**Records from a data collection:**
****

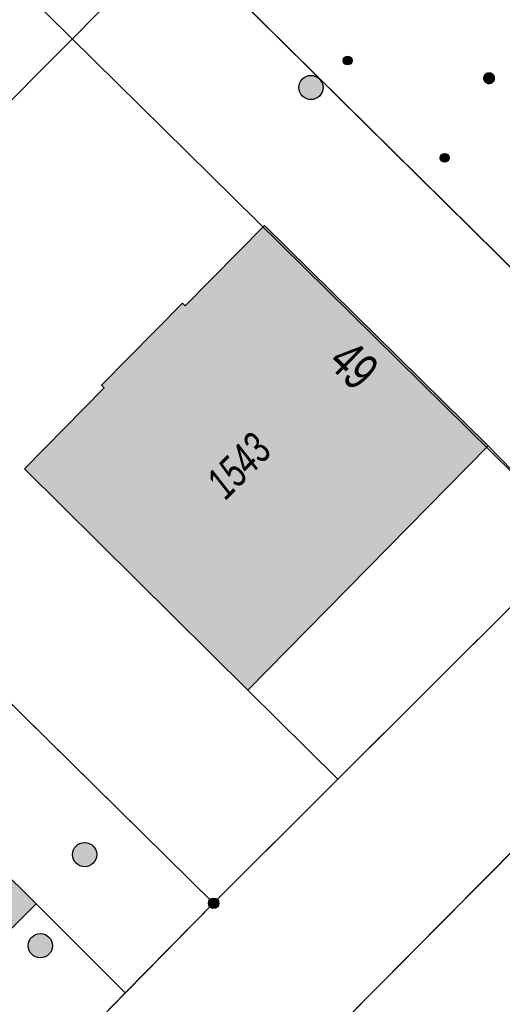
# Model space of a CAD drawing. Header units: metres. Extents: x 2695751 to 2696029, y 1260877 to 1261206.
# Tile 22 of 70: x 2695812 to 2695827, y 1261033 to 1261063. Entities that reach past the tile are written whole.
import ezdxf

# ---------------------------------------------------------------- set-up
doc = ezdxf.new("R2010")
doc.units = ezdxf.units.M
doc.header["$LTSCALE"] = 0.1
doc.linetypes.add('AUSGEZOGEN', pattern=[0])
for name, color, linetype in [('Aménagement du territoire_Ligne de distance', 7, 'AUSGEZOGEN'), ('Limites de bien-fonds', 7, 'AUSGEZOGEN'), ('Mensuration officielle_Lignes (Couverture du sol)', 7, 'AUSGEZOGEN'), ("Mensuration officielle_N° d'assurance", 7, 'AUSGEZOGEN'), ('Mensuration officielle_N° de bâtiment', 7, 'AUSGEZOGEN'), ('Mensuration officielle_Surfaces de bâtiments (Couverture du sol)', 7, 'AUSGEZOGEN'), ('Points fixes eau potable', 255, 'AUSGEZOGEN'), ('Points fixes EU', 255, 'AUSGEZOGEN'), ('Points fixes mensuration officielle', 255, 'AUSGEZOGEN'), ('Points fixes réseau électrique', 255, 'AUSGEZOGEN'), ('Réseau AEW', 8, 'AUSGEZOGEN')]:
    doc.layers.add(name, color=color, linetype=linetype)
doc.styles.add('ARIAL', font='arial.ttf')

msp = doc.modelspace()

# ---------------------------------------------------------------- hatches: boundary and pattern name
at = {"layer": 'Mensuration officielle_Surfaces de bâtiments (Couverture du sol)', "true_color": 0xd2d2d2, "transparency": 33554687}
for points in [[(2695826.58, 1261050.271), (2695819.643, 1261057.106), (2695817.188, 1261054.616), (2695817.102, 1261054.7), (2695814.594, 1261052.158), (2695814.68, 1261052.073), (2695812.204, 1261049.561), (2695819.133, 1261042.695)], [(2695812.563, 1261036.066), (2695806.671, 1261041.914), (2695800.276, 1261035.491), (2695806.169, 1261029.629)]]:
    msp.add_hatch(color=254, dxfattribs=at).paths.add_polyline_path(points)
at = {"layer": 'Points fixes eau potable', "transparency": 33554687}
msp.add_hatch(color=7, dxfattribs=at).paths.add_polyline_path([(2695826.474, 1261061.807), (2695826.462, 1261061.793), (2695826.451, 1261061.777), (2695826.442, 1261061.761), (2695826.435, 1261061.743), (2695826.429, 1261061.725), (2695826.426, 1261061.706), (2695826.424, 1261061.687), (2695826.424, 1261061.668), (2695826.426, 1261061.65), (2695826.43, 1261061.631), (2695826.436, 1261061.613), (2695826.443, 1261061.596), (2695826.452, 1261061.579), (2695826.463, 1261061.563), (2695826.476, 1261061.549), (2695826.49, 1261061.536), (2695826.505, 1261061.525), (2695826.521, 1261061.515), (2695826.538, 1261061.506), (2695826.556, 1261061.5), (2695826.574, 1261061.495), (2695826.593, 1261061.492), (2695826.612, 1261061.492), (2695826.631, 1261061.493), (2695826.65, 1261061.496), (2695826.668, 1261061.5), (2695826.686, 1261061.507), (2695826.703, 1261061.516), (2695826.719, 1261061.526), (2695826.734, 1261061.537), (2695826.748, 1261061.551), (2695826.76, 1261061.565), (2695826.771, 1261061.581), (2695826.78, 1261061.597), (2695826.787, 1261061.615), (2695826.793, 1261061.633), (2695826.796, 1261061.652), (2695826.798, 1261061.671), (2695826.798, 1261061.69), (2695826.796, 1261061.708), (2695826.792, 1261061.727), (2695826.786, 1261061.745), (2695826.779, 1261061.762), (2695826.77, 1261061.779), (2695826.759, 1261061.795), (2695826.746, 1261061.809), (2695826.732, 1261061.822), (2695826.717, 1261061.833), (2695826.701, 1261061.843), (2695826.684, 1261061.852), (2695826.666, 1261061.858), (2695826.648, 1261061.863), (2695826.629, 1261061.866), (2695826.61, 1261061.866), (2695826.591, 1261061.865), (2695826.572, 1261061.862), (2695826.554, 1261061.858), (2695826.536, 1261061.851), (2695826.519, 1261061.842), (2695826.503, 1261061.832), (2695826.488, 1261061.821)])
at = {"layer": 'Points fixes EU', "transparency": 33554687}
for points in [[(2695814.444, 1261037.59), (2695814.436, 1261037.665), (2695814.414, 1261037.738), (2695814.377, 1261037.804), (2695814.327, 1261037.861), (2695814.267, 1261037.908), (2695814.199, 1261037.941), (2695814.126, 1261037.96), (2695814.05, 1261037.964), (2695813.975, 1261037.953), (2695813.904, 1261037.926), (2695813.839, 1261037.886), (2695813.784, 1261037.834), (2695813.741, 1261037.772), (2695813.711, 1261037.702), (2695813.696, 1261037.628), (2695813.696, 1261037.552), (2695813.711, 1261037.477), (2695813.741, 1261037.408), (2695813.784, 1261037.345), (2695813.839, 1261037.293), (2695813.904, 1261037.253), (2695813.975, 1261037.227), (2695814.05, 1261037.215), (2695814.126, 1261037.219), (2695814.199, 1261037.238), (2695814.267, 1261037.271), (2695814.327, 1261037.318), (2695814.377, 1261037.375), (2695814.414, 1261037.442), (2695814.436, 1261037.514)], [(2695813.071, 1261034.763), (2695813.063, 1261034.838), (2695813.041, 1261034.911), (2695813.004, 1261034.977), (2695812.954, 1261035.034), (2695812.894, 1261035.081), (2695812.826, 1261035.114), (2695812.753, 1261035.133), (2695812.677, 1261035.137), (2695812.602, 1261035.126), (2695812.531, 1261035.099), (2695812.466, 1261035.059), (2695812.411, 1261035.007), (2695812.368, 1261034.945), (2695812.338, 1261034.875), (2695812.323, 1261034.801), (2695812.323, 1261034.725), (2695812.338, 1261034.65), (2695812.368, 1261034.581), (2695812.411, 1261034.518), (2695812.466, 1261034.466), (2695812.531, 1261034.426), (2695812.602, 1261034.4), (2695812.677, 1261034.388), (2695812.753, 1261034.392), (2695812.826, 1261034.411), (2695812.894, 1261034.444), (2695812.954, 1261034.491), (2695813.004, 1261034.548), (2695813.041, 1261034.615), (2695813.063, 1261034.687)]]:
    msp.add_hatch(color=7, dxfattribs=at).paths.add_polyline_path(points)
at = {"layer": 'Points fixes mensuration officielle', "transparency": 33554687}
msp.add_hatch(color=7, dxfattribs=at).paths.add_polyline_path([(2695818.232, 1261036.08), (2695818.229, 1261036.113), (2695818.219, 1261036.144), (2695818.203, 1261036.173), (2695818.182, 1261036.198), (2695818.156, 1261036.218), (2695818.126, 1261036.232), (2695818.095, 1261036.241), (2695818.062, 1261036.242), (2695818.029, 1261036.237), (2695817.998, 1261036.226), (2695817.971, 1261036.209), (2695817.947, 1261036.186), (2695817.928, 1261036.159), (2695817.915, 1261036.129), (2695817.908, 1261036.096), (2695817.908, 1261036.064), (2695817.915, 1261036.031), (2695817.928, 1261036.001), (2695817.947, 1261035.974), (2695817.971, 1261035.951), (2695817.998, 1261035.934), (2695818.029, 1261035.923), (2695818.062, 1261035.918), (2695818.095, 1261035.919), (2695818.126, 1261035.928), (2695818.156, 1261035.942), (2695818.182, 1261035.962), (2695818.203, 1261035.987), (2695818.219, 1261036.016), (2695818.229, 1261036.047)])
at = {"layer": 'Points fixes réseau électrique', "transparency": 33554687}
msp.add_hatch(color=7, dxfattribs=at).paths.add_polyline_path([(2695821.462, 1261061.391), (2695821.454, 1261061.466), (2695821.432, 1261061.539), (2695821.395, 1261061.605), (2695821.345, 1261061.663), (2695821.285, 1261061.709), (2695821.217, 1261061.743), (2695821.144, 1261061.762), (2695821.068, 1261061.766), (2695820.993, 1261061.754), (2695820.922, 1261061.728), (2695820.857, 1261061.688), (2695820.802, 1261061.635), (2695820.759, 1261061.573), (2695820.729, 1261061.503), (2695820.714, 1261061.429), (2695820.714, 1261061.353), (2695820.729, 1261061.279), (2695820.759, 1261061.209), (2695820.802, 1261061.147), (2695820.857, 1261061.094), (2695820.922, 1261061.054), (2695820.993, 1261061.028), (2695821.068, 1261061.016), (2695821.144, 1261061.02), (2695821.217, 1261061.039), (2695821.285, 1261061.073), (2695821.345, 1261061.119), (2695821.395, 1261061.177), (2695821.432, 1261061.243), (2695821.454, 1261061.316)])
at = {"layer": 'Réseau AEW', "transparency": 33554687}
for points in [[(2695822.086, 1261062.226), (2695822.086, 1261062.212), (2695822.088, 1261062.198), (2695822.092, 1261062.185), (2695822.097, 1261062.172), (2695822.103, 1261062.159), (2695822.11, 1261062.147), (2695822.119, 1261062.136), (2695822.128, 1261062.126), (2695822.139, 1261062.117), (2695822.15, 1261062.109), (2695822.162, 1261062.103), (2695822.175, 1261062.097), (2695822.189, 1261062.093), (2695822.202, 1261062.09), (2695822.216, 1261062.089), (2695822.23, 1261062.089), (2695822.244, 1261062.09), (2695822.257, 1261062.093), (2695822.271, 1261062.097), (2695822.284, 1261062.103), (2695822.296, 1261062.109), (2695822.307, 1261062.117), (2695822.318, 1261062.126), (2695822.327, 1261062.136), (2695822.336, 1261062.147), (2695822.343, 1261062.159), (2695822.349, 1261062.172), (2695822.354, 1261062.185), (2695822.358, 1261062.198), (2695822.36, 1261062.212), (2695822.36, 1261062.226), (2695822.36, 1261062.24), (2695822.358, 1261062.254), (2695822.354, 1261062.267), (2695822.349, 1261062.28), (2695822.343, 1261062.293), (2695822.336, 1261062.305), (2695822.327, 1261062.316), (2695822.318, 1261062.326), (2695822.307, 1261062.335), (2695822.296, 1261062.343), (2695822.284, 1261062.349), (2695822.271, 1261062.355), (2695822.257, 1261062.359), (2695822.244, 1261062.362), (2695822.23, 1261062.363), (2695822.216, 1261062.363), (2695822.202, 1261062.362), (2695822.189, 1261062.359), (2695822.175, 1261062.355), (2695822.162, 1261062.349), (2695822.15, 1261062.343), (2695822.139, 1261062.335), (2695822.128, 1261062.326), (2695822.119, 1261062.316), (2695822.11, 1261062.305), (2695822.103, 1261062.293), (2695822.097, 1261062.28), (2695822.092, 1261062.267), (2695822.088, 1261062.254), (2695822.086, 1261062.24)], [(2695825.095, 1261059.209), (2695825.095, 1261059.195), (2695825.097, 1261059.181), (2695825.101, 1261059.168), (2695825.106, 1261059.155), (2695825.112, 1261059.142), (2695825.119, 1261059.13), (2695825.128, 1261059.119), (2695825.137, 1261059.109), (2695825.148, 1261059.1), (2695825.159, 1261059.092), (2695825.171, 1261059.086), (2695825.184, 1261059.08), (2695825.198, 1261059.076), (2695825.211, 1261059.073), (2695825.225, 1261059.072), (2695825.239, 1261059.072), (2695825.253, 1261059.073), (2695825.266, 1261059.076), (2695825.28, 1261059.08), (2695825.293, 1261059.086), (2695825.305, 1261059.092), (2695825.316, 1261059.1), (2695825.327, 1261059.109), (2695825.336, 1261059.119), (2695825.345, 1261059.13), (2695825.352, 1261059.142), (2695825.358, 1261059.155), (2695825.363, 1261059.168), (2695825.367, 1261059.181), (2695825.369, 1261059.195), (2695825.369, 1261059.209), (2695825.369, 1261059.223), (2695825.367, 1261059.237), (2695825.363, 1261059.25), (2695825.358, 1261059.263), (2695825.352, 1261059.276), (2695825.345, 1261059.288), (2695825.336, 1261059.299), (2695825.327, 1261059.309), (2695825.316, 1261059.318), (2695825.305, 1261059.326), (2695825.293, 1261059.332), (2695825.28, 1261059.338), (2695825.266, 1261059.342), (2695825.253, 1261059.345), (2695825.239, 1261059.346), (2695825.225, 1261059.346), (2695825.211, 1261059.345), (2695825.198, 1261059.342), (2695825.184, 1261059.338), (2695825.171, 1261059.332), (2695825.159, 1261059.326), (2695825.148, 1261059.318), (2695825.137, 1261059.309), (2695825.128, 1261059.299), (2695825.119, 1261059.288), (2695825.112, 1261059.276), (2695825.106, 1261059.263), (2695825.101, 1261059.25), (2695825.097, 1261059.237), (2695825.095, 1261059.223)]]:
    msp.add_hatch(color=1, dxfattribs=at).paths.add_polyline_path(points)

# ---------------------------------------------------------------- linework, layer by layer
at = {"layer": 'Aménagement du territoire_Ligne de distance', "color": 7, "linetype": 'AUSGEZOGEN', "transparency": 33554687}
msp.add_lwpolyline([(2695878.33, 1260999.13), (2695841.15, 1261035.8), (2695804.21, 1261072.25)], dxfattribs=at)
at = {"layer": 'Limites de bien-fonds', "color": 7, "linetype": 'AUSGEZOGEN', "transparency": 33554687}
for p, q in [((2695816.87, 1261066.11), (2695802.39, 1261051.53)), ((2695829.39, 1261053.72), (2695816.87, 1261066.11)), ((2695818.07, 1261036.08), (2695829.38, 1261047.38)), ((2695833.19, 1261043.61), (2695821.92, 1261032.24)), ((2695818.07, 1261036.08), (2695805.92, 1261023.74))]:
    msp.add_line(p, q, dxfattribs=at)
msp.add_lwpolyline([(2695802.39, 1261051.53), (2695804.898, 1261049.058), (2695818.07, 1261036.08)], dxfattribs=at)
at = {"layer": 'Mensuration officielle_Lignes (Couverture du sol)', "color": 7, "linetype": 'AUSGEZOGEN', "transparency": 33554687}
for p, q in [((2695826.58, 1261050.271), (2695819.133, 1261042.695)), ((2695826.58, 1261050.271), (2695829.38, 1261047.38)), ((2695804.898, 1261049.058), (2695818.07, 1261036.08)), ((2695821.923, 1261039.93), (2695829.38, 1261047.38)), ((2695819.133, 1261042.695), (2695821.923, 1261039.93)), ((2695806.671, 1261041.914), (2695812.563, 1261036.066)), ((2695818.07, 1261036.08), (2695821.923, 1261039.93)), ((2695812.563, 1261036.066), (2695815.331, 1261033.299)), ((2695815.331, 1261033.299), (2695818.07, 1261036.08)), ((2695812.959, 1261030.889), (2695815.331, 1261033.299))]:
    msp.add_line(p, q, dxfattribs=at)
for points in [[(2695829.39, 1261053.72), (2695816.87, 1261066.11), (2695815.515, 1261067.442)], [(2695819.133, 1261042.695), (2695812.204, 1261049.561), (2695814.68, 1261052.073), (2695814.594, 1261052.158), (2695817.102, 1261054.7), (2695817.188, 1261054.616), (2695819.643, 1261057.106), (2695826.58, 1261050.271)], [(2695819.214, 1261029.509), (2695821.92, 1261032.24), (2695833.19, 1261043.61)], [(2695812.563, 1261036.066), (2695806.169, 1261029.629), (2695800.276, 1261035.491), (2695806.671, 1261041.914)]]:
    msp.add_lwpolyline(points, dxfattribs=at)
at = {"layer": 'Points fixes EU', "transparency": 33554687}
for centre in [(2695814.069, 1261037.59), (2695812.696, 1261034.763)]:
    msp.add_circle(centre, 0.375, dxfattribs=at)
at = {"layer": 'Points fixes mensuration officielle', "color": 7, "transparency": 33554687}
msp.add_circle((2695818.07, 1261036.08), 0.162, dxfattribs=at)
at = {"layer": 'Points fixes réseau électrique', "transparency": 33554687}
msp.add_circle((2695821.087, 1261061.391), 0.375, dxfattribs=at)
at = {"layer": 'Réseau AEW', "color": 1, "transparency": 33554687}
for centre in [(2695822.223, 1261062.226), (2695825.232, 1261059.209)]:
    msp.add_circle(centre, 0.137, dxfattribs=at)

# ---------------------------------------------------------------- texts
at = {"layer": "Mensuration officielle_N° d'assurance", "color": 7, "transparency": 33554687, "insert": (2695818.844, 1261049.653), "char_height": 0.96842, "width": 2.45636, "attachment_point": 5, "rotation": 45.4923, "style": 'ARIAL'}
msp.add_mtext('\\A1;{\\fArial|i1|b0;\\H0.968418;\\W0.700000;\\C7;1543}\\P', dxfattribs=at)
at = {"layer": 'Mensuration officielle_N° de bâtiment', "color": 7, "transparency": 33554687, "insert": (2695822.828, 1261053.196), "char_height": 1.1621, "width": 1.68109, "attachment_point": 2, "rotation": 315.4239, "style": 'ARIAL'}
msp.add_mtext('\\W0.70;49', dxfattribs=at)

doc.saveas('drawing.dxf')

****

**What the exercise asks:** Repeat the records above exactly, from the first line through the line that contains "doc.linetypes.add('AUSGEZOGEN', pattern=[0])", and leave out the pictures.

**Expected answer:**
# Model space of a CAD drawing. Header units: metres. Extents: x 2695751 to 2696029, y 1260877 to 1261206.
# Tile 22 of 70: x 2695812 to 2695827, y 1261033 to 1261063. Entities that reach past the tile are written whole.
import ezdxf

# ---------------------------------------------------------------- set-up
doc = ezdxf.new("R2010")
doc.units = ezdxf.units.M
doc.header["$LTSCALE"] = 0.1
doc.linetypes.add('AUSGEZOGEN', pattern=[0])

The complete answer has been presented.